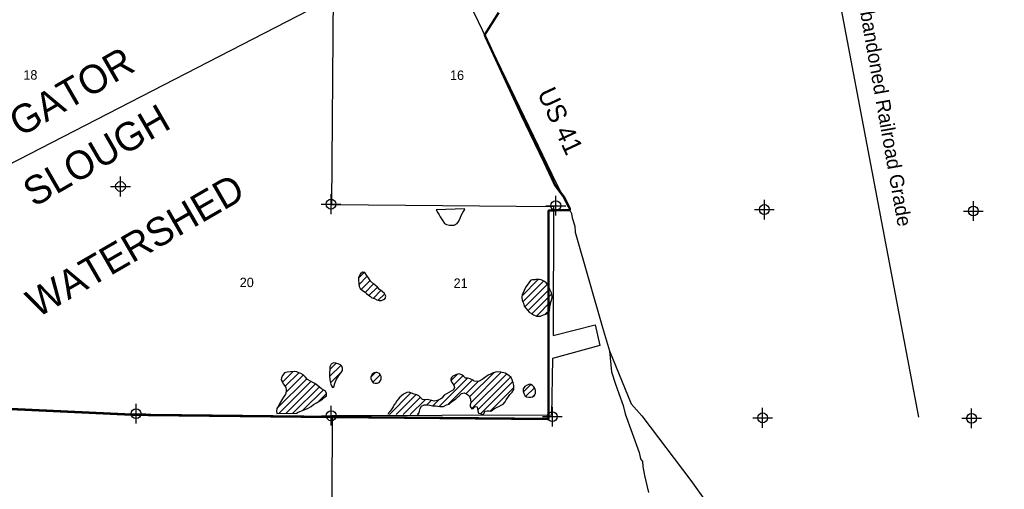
# Model space of a CAD drawing. Extents: x 119693 to 416873, y 706841 to 914021.
# Tile 11 of 14: x 190026 to 215011, y 863248 to 875164. Entities that reach past the tile are written whole.
import ezdxf

# ---------------------------------------------------------------- set-up
doc = ezdxf.new("R2010")
doc.units = 0
doc.header["$LTSCALE"] = 800
doc.header["$PDMODE"] = 34
doc.header["$PDSIZE"] = 250
doc.linetypes.add('DASHED', pattern=[0])
doc.linetypes.add('STREAM', pattern=[0])
doc.layers.get('0').update_dxf_attribs({"linetype": 'CONTINUOUS'})
for name, color, linetype in [('CITY', 14, 'DASHED'), ('MAJROADS', 9, 'CONTINUOUS'), ('RR', 13, 'CONTINUOUS'), ('SEC', 2, 'CONTINUOUS'), ('TEXT', 7, 'CONTINUOUS'), ('TRUNKS', 5, 'STREAM'), ('WETDBA', 11, 'CONTINUOUS'), ('WETFILL', 12, 'CONTINUOUS'), ('WSHEDS', 3, 'CONTINUOUS')]:
    doc.layers.add(name, color=color, linetype=linetype)

# ---------------------------------------------------------------- blocks, each defined once
blk = doc.blocks.new('*X')
at = {"color": 0}
for p, q in [((198626, 868609), (198765, 868749)), ((198634, 868440), (198847, 868654)), ((198691, 868321), (198917, 868547)), ((202773, 868161), (203186, 868574)), ((202793, 868004), (203319, 868530)), ((198791, 868245), (199005, 868458)), ((198888, 868165), (199102, 868379)), ((199001, 868100), (199192, 868291)), ((202840, 867874), (203416, 868450)), ((202923, 867780), (203475, 868332)), ((199122, 868045), (199287, 868210)), ((203023, 867703), (203525, 868205)), ((203140, 867644), (203515, 868018)), ((203362, 867689), (203475, 867801)), ((197890, 866106), (198178, 866393)), ((197893, 866285), (198055, 866447)), ((197913, 865952), (198201, 866240)), ((196557, 865303), (197309, 866055)), ((196692, 865968), (196954, 866230)), ((196744, 866197), (196746, 866199)), ((196761, 865861), (197107, 866207)), ((196781, 865704), (197223, 866146)), ((198937, 866092), (199057, 866213)), ((198986, 865964), (199176, 866155)), ((200673, 865353), (201385, 866065)), ((200901, 865404), (201519, 866022)), ((200968, 866002), (201134, 866168)), ((201040, 865897), (201272, 866129)), ((201440, 865590), (202062, 866212)), ((201471, 865444), (202243, 866217)), ((201498, 865294), (202377, 866173)), ((201648, 865268), (202478, 866097)), ((196603, 865172), (197415, 865984)), ((196782, 865174), (197531, 865924)), ((196960, 865176), (197627, 865843)), ((197213, 865252), (197731, 865770)), ((197979, 865841), (198005, 865867)), ((201346, 865673), (201658, 865985)), ((201722, 865165), (202536, 865979)), ((201967, 865233), (202562, 865828)), ((202806, 865719), (202996, 865909)), ((202872, 865608), (203085, 865821)), ((197618, 865481), (197813, 865676)), ((199407, 865148), (199953, 865694)), ((199582, 865147), (200086, 865650)), ((199758, 865146), (200191, 865579)), ((199934, 865145), (200311, 865522)), ((200355, 865389), (200469, 865503)), ((200510, 865367), (200662, 865519)), ((203030, 865589), (203104, 865663)), ((200110, 865144), (200165, 865199))]:
    blk.add_line(p, q, dxfattribs=at)

msp = doc.modelspace()

# ---------------------------------------------------------------- linework, layer by layer
at = {"layer": 'CITY', "color": 0}
msp.add_lwpolyline([(152704, 881643), (160973, 881731), (160774, 876172), (160681, 865499), (165967, 865414), (171400, 865413), (176785, 865354), (177602, 865377), (182078, 867657), (182075, 865402), (187348, 865388), (187499, 875932), (192795, 875851), (197979, 875822), (197937, 870471), (203574, 870421), (203567, 867149), (204626, 867424), (204750, 866898), (203543, 866570), (203524, 865133), (197957, 865112), (197910, 854551)], dxfattribs=at)
at = {"layer": 'MAJROADS', "color": 0}
for points in [[(201301, 875861), (203644, 871000), (203942, 870412), (203983, 870328), (204024, 870243), (204049, 870134), (204114, 869924), (204121, 869773), (204816, 867355), (204995, 866759), (205042, 866231), (205148, 865912), (205230, 865676), (205337, 865374), (205386, 865164), (205747, 864181), (205780, 864022), (205829, 863954), (205837, 863828), (205877, 863602), (205983, 863165)], [(204995, 866759), (205546, 865418), (205812, 865114), (207057, 863471), (208881, 860918), (209087, 860506), (209145, 860413), (209220, 860279), (209417, 859791), (210979, 855841), (211502, 854456), (211554, 853130), (211477, 851824), (211546, 850969), (211528, 850810), (211586, 850700), (211660, 850507), (212454, 849169), (213075, 848117), (213298, 847738), (214324, 846054), (216550, 842317), (217041, 841524), (218353, 840062)]]:
    msp.add_lwpolyline(points, dxfattribs=at)
at = {"layer": 'RR', "color": 0}
msp.add_lwpolyline([(208273, 889116), (212833, 865082)], dxfattribs=at)
at = {"layer": 'SEC', "color": 0}
for p in [(192584, 870931), (197926, 870483), (203630, 870443), (208923, 870347), (214225, 870309), (192980, 865166), (197930, 865113), (203542, 865091), (208878, 865061), (214180, 865049)]:
    msp.add_point(p, dxfattribs=at)
at = {"layer": 'TRUNKS', "color": 0}
msp.add_lwpolyline([(187436, 870298), (197939, 875707), (198011, 875694), (198084, 875718), (200522, 876964), (200699, 877060), (200464, 877597), (200467, 877639), (200507, 877682), (201309, 877657), (207908, 877659), (209022, 877615), (210161, 877636), (208315, 887777)], dxfattribs=at)
at = {"layer": 'WETDBA', "color": 0}
for points in [[(200595, 870337), (200633, 870266), (200666, 870216), (200693, 870161), (200727, 870109), (200766, 870063), (200809, 869996), (200852, 869971), (200932, 869954), (201009, 869947), (201051, 869954), (201126, 869990), (201169, 870053), (201206, 870127), (201231, 870193), (201273, 870271), (201302, 870322), (201325, 870362)], [(199002, 868459), (198929, 868527), (198876, 868615), (198823, 868685), (198783, 868746), (198725, 868757), (198673, 868716), (198627, 868623), (198619, 868552), (198629, 868472), (198640, 868394), (198665, 868344), (198723, 868291), (198788, 868248), (198824, 868219), (198878, 868172), (198928, 868137), (198963, 868109), (199031, 868093), (199086, 868054), (199151, 868039), (199208, 868039), (199259, 868064), (199299, 868090), (199315, 868152), (199283, 868220), (199221, 868269), (199158, 868317), (199101, 868380), (199049, 868431), (199029, 868448)], [(203103, 868567), (203040, 868565), (202999, 868551), (202965, 868512), (202928, 868465), (202872, 868389), (202828, 868289), (202778, 868184), (202768, 868133), (202775, 868041), (202810, 867970), (202824, 867892), (202871, 867842), (202913, 867793), (202951, 867741), (203011, 867710), (203067, 867674), (203139, 867644), (203243, 867637), (203317, 867673), (203374, 867693), (203419, 867712), (203452, 867736), (203473, 867782), (203482, 867878), (203515, 868022), (203540, 868103), (203538, 868150), (203519, 868229), (203482, 868319), (203432, 868428), (203388, 868487), (203340, 868520), (203255, 868560), (203211, 868574), (203169, 868573), (203122, 868568)], [(198043, 866450), (197992, 866455), (197929, 866422), (197898, 866359), (197892, 866272), (197888, 866208), (197888, 866129), (197896, 866032), (197904, 865987), (197923, 865918), (197940, 865876), (197965, 865833), (198002, 865855), (198018, 865919), (198036, 865983), (198059, 866029), (198099, 866089), (198128, 866139), (198184, 866208), (198215, 866266), (198217, 866320), (198204, 866370), (198164, 866405), (198108, 866431), (198069, 866441), (198051, 866449)], [(196990, 866233), (196899, 866226), (196811, 866219), (196746, 866199), (196700, 866146), (196672, 866086), (196662, 866026), (196686, 865979), (196713, 865926), (196747, 865883), (196780, 865830), (196790, 865782), (196787, 865723), (196768, 865665), (196717, 865584), (196675, 865515), (196620, 865418), (196582, 865352), (196553, 865297), (196538, 865234), (196549, 865172), (197046, 865177), (197090, 865205), (197160, 865233), (197264, 865270), (197331, 865298), (197421, 865353), (197483, 865396), (197557, 865441), (197642, 865496), (197709, 865539), (197749, 865579), (197808, 865622), (197814, 865687), (197773, 865746), (197681, 865798), (197584, 865880), (197517, 865935), (197467, 865961), (197404, 865989), (197327, 866032), (197278, 866095), (197216, 866153), (197157, 866184), (197107, 866206), (197058, 866225), (197001, 866236)], [(199063, 866214), (199020, 866206), (198971, 866168), (198937, 866102), (198936, 866058), (198961, 865998), (198994, 865953), (199045, 865937), (199093, 865940), (199145, 865961), (199181, 866007), (199196, 866055), (199195, 866112), (199174, 866160), (199154, 866185), (199114, 866202), (199086, 866213)], [(202944, 865905), (202903, 865893), (202847, 865859), (202805, 865799), (202804, 865726), (202824, 865659), (202846, 865625), (202890, 865597), (202946, 865585), (202996, 865582), (203040, 865591), (203081, 865616), (203098, 865647), (203113, 865691), (203114, 865756), (203096, 865804), (203071, 865845), (203042, 865882), (202998, 865909), (202964, 865914)]]:
    msp.add_lwpolyline(points, close=True, dxfattribs=at)
msp.add_lwpolyline([(200148, 865144), (200175, 865231), (200192, 865298), (200223, 865360), (200293, 865393), (200392, 865387), (200499, 865368), (200583, 865364), (200690, 865352), (200778, 865349), (200859, 865390), (200923, 865412), (201007, 865486), (201092, 865544), (201138, 865588), (201176, 865623), (201234, 865678), (201305, 865692), (201386, 865654), (201429, 865617), (201462, 865537), (201471, 865446), (201458, 865388), (201460, 865347), (201501, 865289), (201531, 865296), (201582, 865346), (201635, 865337), (201653, 865240), (201671, 865177), (201793, 865147), (201816, 865185), (201840, 865227), (201886, 865242), (201935, 865239), (201977, 865232), (202018, 865255), (202072, 865294), (202139, 865333), (202181, 865353), (202247, 865382), (202294, 865411), (202345, 865470), (202373, 865515), (202414, 865580), (202462, 865652), (202525, 865712), (202563, 865783), (202562, 865879), (202544, 865950), (202524, 866023), (202495, 866081), (202437, 866135), (202342, 866195), (202238, 866218), (202136, 866230), (202040, 866207), (201969, 866172), (201916, 866142), (201817, 866074), (201765, 866032), (201685, 865993), (201641, 865980), (201562, 865988), (201535, 866015), (201455, 866054), (201393, 866064), (201337, 866071), (201292, 866111), (201247, 866153), (201173, 866176), (201113, 866164), (201021, 866116), (200992, 866094), (200963, 866048), (200966, 866007), (200997, 865946), (201045, 865891), (201060, 865835), (201030, 865775), (200859, 865672), (200800, 865635), (200737, 865561), (200687, 865529), (200617, 865502), (200542, 865485), (200485, 865497), (200440, 865512), (200376, 865525), (200317, 865521), (200243, 865527), (200203, 865565), (200157, 865618), (200104, 865645), (200037, 865663), (199967, 865689), (199912, 865711), (199851, 865707), (199762, 865666), (199714, 865622), (199676, 865583), (199636, 865542), (199592, 865495), (199562, 865436), (199521, 865383), (199502, 865343), (199466, 865287), (199424, 865233), (199400, 865202), (199368, 865148)], dxfattribs=at)
at = {"layer": 'WSHEDS', "color": 0, "const_width": 60}
msp.add_lwpolyline([(202181, 875344), (201832, 874792, 0.254467), (201830, 874763), (202780, 872705, 0.004284), (202780, 872705), (203334, 871558, -0.003283), (203334, 871558), (203610, 870967, 0.051765), (203613, 870962), (203847, 870650, -0.044994), (203850, 870645), (203985, 870374, -0.55383), (203959, 870331), (203474, 870325, 0.410899), (203445, 870295), (203445, 865062, -0.41695), (203414, 865032), (197837, 865084, -0.000355), (197836, 865084), (192969, 865137, -0.008986), (192968, 865137), (187368, 865399, 0.010736)], format="xyb", dxfattribs=at)

# ---------------------------------------------------------------- block references
at = {"layer": 'WETFILL', "color": 0}
msp.add_blockref('*X', (0, 0), dxfattribs=at)
msp.add_blockref('*X', (0, 0), dxfattribs=at)
msp.add_blockref('*X', (0, 0), dxfattribs=at)
msp.add_blockref('*X', (0, 0), dxfattribs=at)
msp.add_blockref('*X', (0, 0), dxfattribs=at)
msp.add_blockref('*X', (0, 0), dxfattribs=at)
msp.add_blockref('*X', (0, 0), dxfattribs=at)
msp.add_blockref('*X', (0, 0), dxfattribs=at)
msp.add_blockref('*X', (0, 0), dxfattribs=at)
msp.add_blockref('*X', (0, 0), dxfattribs=at)
msp.add_blockref('*X', (0, 0), dxfattribs=at)
msp.add_blockref('*X', (0, 0), dxfattribs=at)
msp.add_blockref('*X', (0, 0), dxfattribs=at)
msp.add_blockref('*X', (0, 0), dxfattribs=at)
msp.add_blockref('*X', (0, 0), dxfattribs=at)
msp.add_blockref('*X', (0, 0), dxfattribs=at)
msp.add_blockref('*X', (0, 0), dxfattribs=at)
msp.add_blockref('*X', (0, 0), dxfattribs=at)
msp.add_blockref('*X', (0, 0), dxfattribs=at)
msp.add_blockref('*X', (0, 0), dxfattribs=at)
msp.add_blockref('*X', (0, 0), dxfattribs=at)
msp.add_blockref('*X', (0, 0), dxfattribs=at)

# ---------------------------------------------------------------- texts
at = {"layer": 'MAJROADS', "color": 0}
msp.add_text('US 41', height=480, rotation=295, dxfattribs=at).set_placement((203151, 873304))
at = {"layer": 'TEXT', "color": 0}
for s, height, rotation, p in [('Abandoned Railroad Grade', 360, 280, (211295, 875667)), ('GATOR ', 720, 30, (190037, 872174)), ('SLOUGH', 720, 30, (190387, 870396)), ('WATERSHED', 720, 30, (190469, 867587))]:
    msp.add_text(s, height=height, rotation=rotation, dxfattribs=at).set_placement(p)
for s, p in [('18', (190118, 873643)), ('16', (200945, 873635)), ('20', (195609, 868378)), ('21', (201036, 868359))]:
    msp.add_text(s, height=240, dxfattribs=at).set_placement(p)

doc.saveas('drawing.dxf')

What to work on: Pull out each line of the listing that holds the string "layers".

Result of the exercise:
doc.layers.get('0').update_dxf_attribs({"linetype": 'CONTINUOUS'})
    doc.layers.add(name, color=color, linetype=linetype)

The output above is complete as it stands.